_PROBLEM_
Whenever a line in the material below contains "Dark", copy that line.

_RECORDS SUPPLIED_
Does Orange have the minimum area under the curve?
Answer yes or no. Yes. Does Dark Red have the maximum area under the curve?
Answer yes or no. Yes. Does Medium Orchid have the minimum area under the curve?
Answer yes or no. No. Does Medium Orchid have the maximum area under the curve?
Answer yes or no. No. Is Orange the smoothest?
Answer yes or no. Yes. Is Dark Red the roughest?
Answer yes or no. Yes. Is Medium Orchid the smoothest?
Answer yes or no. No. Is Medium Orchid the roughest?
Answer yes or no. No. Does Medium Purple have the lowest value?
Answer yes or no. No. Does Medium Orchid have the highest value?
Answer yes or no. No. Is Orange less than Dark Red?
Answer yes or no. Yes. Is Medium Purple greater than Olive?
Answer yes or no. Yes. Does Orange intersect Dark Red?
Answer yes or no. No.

_EXPECTED ANSWER_
Answer yes or no. Yes. Does Dark Red have the maximum area under the curve?
Answer yes or no. Yes. Is Dark Red the roughest?
Answer yes or no. No. Is Orange less than Dark Red?
Answer yes or no. Yes. Does Orange intersect Dark Red?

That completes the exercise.